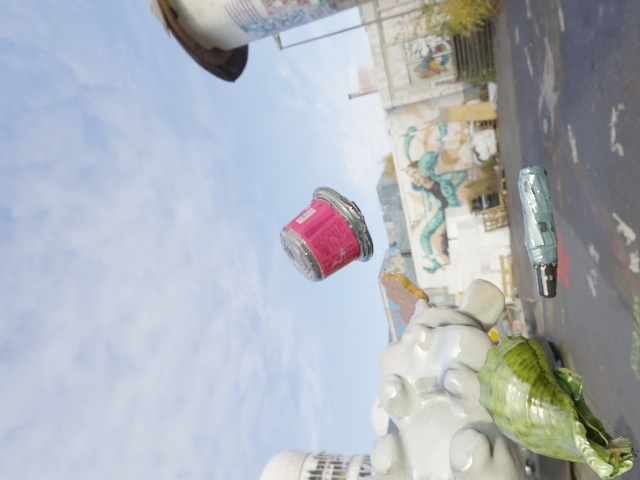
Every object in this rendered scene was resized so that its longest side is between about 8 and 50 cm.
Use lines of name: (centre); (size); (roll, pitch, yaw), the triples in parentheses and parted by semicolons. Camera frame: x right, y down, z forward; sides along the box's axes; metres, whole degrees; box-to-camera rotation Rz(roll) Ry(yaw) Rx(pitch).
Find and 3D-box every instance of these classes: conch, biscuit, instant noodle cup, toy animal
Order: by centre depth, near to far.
conch: (0.165, 0.114, 0.306); (0.121, 0.089, 0.074); (-137, 48, -65)
toy animal: (0.214, 0.229, 0.692); (0.241, 0.196, 0.368); (39, -138, -35)
instant noodle cup: (0.000, 0.000, 1.218); (0.258, 0.181, 0.302); (49, 161, 17)
biscuit: (0.289, 0.205, 1.284); (0.044, 0.202, 0.289); (-41, -82, -21)

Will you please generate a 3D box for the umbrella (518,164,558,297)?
umbrella: (0.412, -0.018, 0.807); (0.053, 0.052, 0.251); (1, -97, -39)
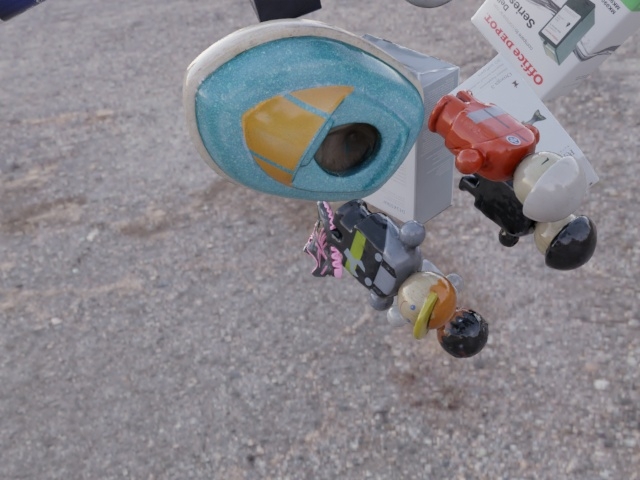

▶ [WHAT YOU HAVE TO DO]
Retype the data above exactly. Do not carry over any images.

▶ [OUTPUT OF THE TASK]
Every object in this rendered scene was resized so that its longest side is between about 8 and 50 cm.
Use lines of name: (centre); (size); (roll, pitch, yaw), the triples in parentheses and parted by semicolons. Camera frame: x right, y down, z forward; sides along the box's axes; metres, whole degrees; box-to-camera rotation Rz(roll) Ry(yaw) Rx(pitch).
Find and 3D-box every instance of these classes: conch, biscuit, instant noodle cup, toy animal
Order: by centre depth, near to far.
conch: (0.165, 0.114, 0.306); (0.121, 0.089, 0.074); (-137, 48, -65)
toy animal: (0.214, 0.229, 0.692); (0.241, 0.196, 0.368); (39, -138, -35)
instant noodle cup: (0.000, 0.000, 1.218); (0.258, 0.181, 0.302); (49, 161, 17)
biscuit: (0.289, 0.205, 1.284); (0.044, 0.202, 0.289); (-41, -82, -21)

Will you please generate a 3D box for the umbrella (518,164,558,297)?
umbrella: (0.412, -0.018, 0.807); (0.053, 0.052, 0.251); (1, -97, -39)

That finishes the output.